Determining Green’s Functions for Coupled Elastic Waves and Electromagnetic Fields in a Homogeneous Porous Medium
Tuesday, 16 December 2014
The theory of coupled elastic waves and electromagnetic fields in porous media exists for two decades. Several modeling codes have been developed and some field work has been carried out with mixed success. Modeling the so-called electroseismic and seismo-electromagnetic wavefields is tricky because of the strong elastic fields generated by mechanical sources and strong electromagnetic fields generated by electromagnetic sources, while the coupled fields have relatively small amplitudes. A second difficulty is the fact that the elastic field is essentially a wavefield, while the electromagnetic field is a diffusive field. The slow P-wave is usually also a diffusive field depending on the frequency bandwidth of the data. On the other hand, for porous soils and rocks, laboratory measurements have been carried out to experimentally validate the current theoretical model and to some extent this has been successful. To be able to understand measured data it is crucially important that we have good control on the accuracy of modeled data. Today we don’t have this control, which makes it hard to judge the quality of the modeled data and trust the experimental validation of the theory. It is therefore important that exact solutions are found to validate modeling codes in simple configurations. These modeling codes can then numerically validate the theory by matching the results obtained in laboratory or field experiments.

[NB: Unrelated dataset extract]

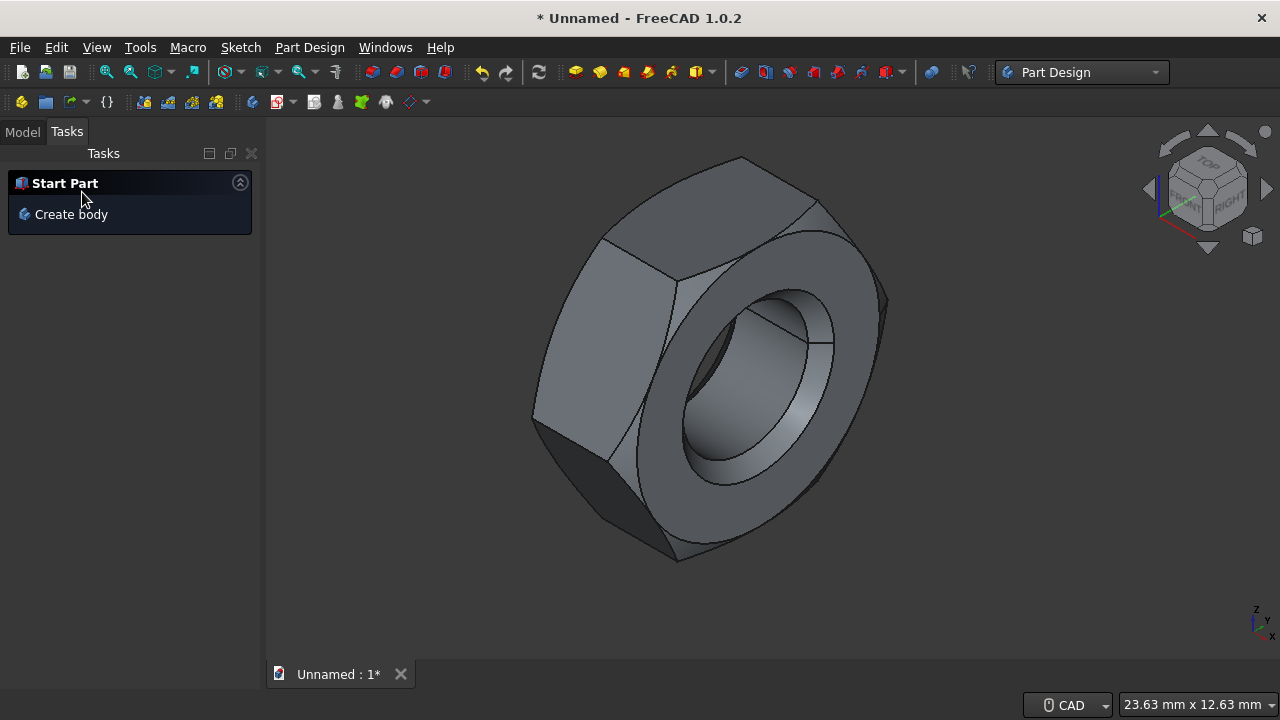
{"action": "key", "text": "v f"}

The simplest configuration is the homogeneous space and we show exact solutions for the governing equations for point sources and point receivers. These Green’s functions are obtained for any type of point source and any type of receiver. We reduce the coupled equations to two scalar equations for the electric field and the particle velocity vectors. Solutions for longitudinal and transverse waves are obtained separately and these are combined to obtain the Green’s functions for the electric field and the particle velocity, from which the solutions for all other fields are found. We show numerical examples of the fields that can be measured in the field.